Work to be completed:
Look for the word "pitch" in the records, and copy each line where it appears.
__________
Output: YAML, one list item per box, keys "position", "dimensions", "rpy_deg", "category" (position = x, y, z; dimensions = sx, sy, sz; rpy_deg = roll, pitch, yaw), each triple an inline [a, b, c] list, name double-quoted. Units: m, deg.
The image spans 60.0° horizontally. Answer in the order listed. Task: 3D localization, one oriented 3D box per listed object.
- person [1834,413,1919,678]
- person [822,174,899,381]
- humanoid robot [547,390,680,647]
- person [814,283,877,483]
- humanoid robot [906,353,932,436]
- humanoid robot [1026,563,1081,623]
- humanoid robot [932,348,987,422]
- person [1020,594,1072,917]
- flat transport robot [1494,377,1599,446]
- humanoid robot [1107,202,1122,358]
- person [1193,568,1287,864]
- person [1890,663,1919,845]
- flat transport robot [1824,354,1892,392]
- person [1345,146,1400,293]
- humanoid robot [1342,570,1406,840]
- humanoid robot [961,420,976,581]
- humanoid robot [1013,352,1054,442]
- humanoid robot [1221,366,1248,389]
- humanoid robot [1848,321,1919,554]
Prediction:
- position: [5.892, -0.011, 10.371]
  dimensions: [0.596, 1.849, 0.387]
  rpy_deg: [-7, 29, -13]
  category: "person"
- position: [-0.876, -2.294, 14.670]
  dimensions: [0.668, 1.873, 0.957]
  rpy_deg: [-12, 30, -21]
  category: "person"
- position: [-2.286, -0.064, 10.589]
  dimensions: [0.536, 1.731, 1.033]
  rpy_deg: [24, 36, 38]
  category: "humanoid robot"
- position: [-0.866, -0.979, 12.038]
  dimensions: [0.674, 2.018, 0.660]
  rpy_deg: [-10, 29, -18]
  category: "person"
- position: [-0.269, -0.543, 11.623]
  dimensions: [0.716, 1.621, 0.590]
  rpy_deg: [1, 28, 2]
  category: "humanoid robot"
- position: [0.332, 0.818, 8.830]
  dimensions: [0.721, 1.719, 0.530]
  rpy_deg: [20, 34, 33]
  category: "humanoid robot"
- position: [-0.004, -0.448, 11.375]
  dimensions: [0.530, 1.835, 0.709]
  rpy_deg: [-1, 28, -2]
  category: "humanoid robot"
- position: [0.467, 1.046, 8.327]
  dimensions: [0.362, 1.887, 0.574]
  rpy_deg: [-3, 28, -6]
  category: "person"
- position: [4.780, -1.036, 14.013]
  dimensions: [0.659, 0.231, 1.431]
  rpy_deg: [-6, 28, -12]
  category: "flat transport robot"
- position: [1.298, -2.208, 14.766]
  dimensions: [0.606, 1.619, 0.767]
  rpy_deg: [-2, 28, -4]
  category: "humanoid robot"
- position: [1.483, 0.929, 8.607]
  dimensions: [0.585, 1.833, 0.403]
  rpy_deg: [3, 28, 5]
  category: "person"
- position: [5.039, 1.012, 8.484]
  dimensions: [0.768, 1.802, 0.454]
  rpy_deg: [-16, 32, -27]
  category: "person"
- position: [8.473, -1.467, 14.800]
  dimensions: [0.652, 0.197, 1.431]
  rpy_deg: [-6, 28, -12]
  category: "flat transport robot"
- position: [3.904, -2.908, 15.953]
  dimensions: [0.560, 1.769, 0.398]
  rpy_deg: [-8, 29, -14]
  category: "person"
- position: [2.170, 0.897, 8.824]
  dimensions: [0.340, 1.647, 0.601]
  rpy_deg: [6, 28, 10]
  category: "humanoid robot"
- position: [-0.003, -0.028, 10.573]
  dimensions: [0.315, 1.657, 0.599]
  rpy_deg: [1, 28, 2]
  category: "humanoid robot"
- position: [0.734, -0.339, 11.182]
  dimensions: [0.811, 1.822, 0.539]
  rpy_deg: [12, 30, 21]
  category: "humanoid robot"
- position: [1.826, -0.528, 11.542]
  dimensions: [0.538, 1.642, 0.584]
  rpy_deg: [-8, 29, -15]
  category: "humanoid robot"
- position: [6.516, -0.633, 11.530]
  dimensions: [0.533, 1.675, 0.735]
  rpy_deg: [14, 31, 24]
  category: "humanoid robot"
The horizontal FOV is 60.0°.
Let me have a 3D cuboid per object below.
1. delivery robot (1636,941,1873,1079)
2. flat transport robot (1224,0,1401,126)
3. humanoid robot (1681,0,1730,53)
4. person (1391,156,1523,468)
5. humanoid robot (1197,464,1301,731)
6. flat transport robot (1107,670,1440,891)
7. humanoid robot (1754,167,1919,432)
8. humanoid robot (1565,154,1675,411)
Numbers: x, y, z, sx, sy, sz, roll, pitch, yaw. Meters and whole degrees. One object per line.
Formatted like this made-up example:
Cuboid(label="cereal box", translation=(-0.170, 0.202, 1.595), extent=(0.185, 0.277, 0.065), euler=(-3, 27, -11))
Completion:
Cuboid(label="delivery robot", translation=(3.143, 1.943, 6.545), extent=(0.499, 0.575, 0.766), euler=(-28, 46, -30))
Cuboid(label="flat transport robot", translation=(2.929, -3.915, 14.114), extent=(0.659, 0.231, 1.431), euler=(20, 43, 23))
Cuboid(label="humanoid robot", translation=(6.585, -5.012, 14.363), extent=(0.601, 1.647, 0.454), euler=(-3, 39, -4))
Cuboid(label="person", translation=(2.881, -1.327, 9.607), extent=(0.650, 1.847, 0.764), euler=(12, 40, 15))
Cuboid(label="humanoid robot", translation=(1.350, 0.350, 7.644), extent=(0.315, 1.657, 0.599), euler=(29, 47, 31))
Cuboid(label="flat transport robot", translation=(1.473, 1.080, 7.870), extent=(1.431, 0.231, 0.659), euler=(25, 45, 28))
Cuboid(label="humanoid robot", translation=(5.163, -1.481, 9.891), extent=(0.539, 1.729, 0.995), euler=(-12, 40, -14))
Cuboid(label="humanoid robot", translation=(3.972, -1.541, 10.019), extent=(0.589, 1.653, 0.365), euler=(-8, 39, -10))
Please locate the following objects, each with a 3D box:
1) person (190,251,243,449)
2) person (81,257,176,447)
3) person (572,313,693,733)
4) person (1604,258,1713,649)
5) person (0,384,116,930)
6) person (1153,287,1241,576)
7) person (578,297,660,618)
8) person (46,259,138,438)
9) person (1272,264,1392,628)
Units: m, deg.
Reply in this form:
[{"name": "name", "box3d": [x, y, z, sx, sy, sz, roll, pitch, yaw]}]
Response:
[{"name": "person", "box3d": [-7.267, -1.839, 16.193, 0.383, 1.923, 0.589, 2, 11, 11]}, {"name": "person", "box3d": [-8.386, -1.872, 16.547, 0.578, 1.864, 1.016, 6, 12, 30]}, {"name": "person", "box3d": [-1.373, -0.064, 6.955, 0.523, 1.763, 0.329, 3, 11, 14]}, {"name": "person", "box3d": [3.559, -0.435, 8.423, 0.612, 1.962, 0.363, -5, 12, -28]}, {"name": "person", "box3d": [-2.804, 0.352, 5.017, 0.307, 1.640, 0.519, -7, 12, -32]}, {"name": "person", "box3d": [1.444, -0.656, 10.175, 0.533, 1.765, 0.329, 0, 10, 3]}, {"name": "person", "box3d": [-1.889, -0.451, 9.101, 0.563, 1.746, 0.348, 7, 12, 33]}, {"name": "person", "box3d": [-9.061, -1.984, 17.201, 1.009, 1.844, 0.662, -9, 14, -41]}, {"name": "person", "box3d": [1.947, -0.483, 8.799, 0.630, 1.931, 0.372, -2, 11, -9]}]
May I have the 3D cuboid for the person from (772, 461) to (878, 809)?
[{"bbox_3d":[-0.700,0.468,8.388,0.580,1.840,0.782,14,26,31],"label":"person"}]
__________
Answer box:
Output: YAML, one list item per box, keys "position", "dimensions", "rpy_deg", "category" (position = x, y, z; dimensions = sx, sy, sz; rpy_deg = roll, pitch, yaw), each triple an inline [a, b, c] list, name double-quoted. Units: m, deg.
Numbers: x, y, z, sx, sy, sz, roll, pitch, yaw. Meters and whole degrees. One object per line.
[{"name": "name", "box3d": [x, y, z, sx, sy, sz, roll, pitch, yaw]}]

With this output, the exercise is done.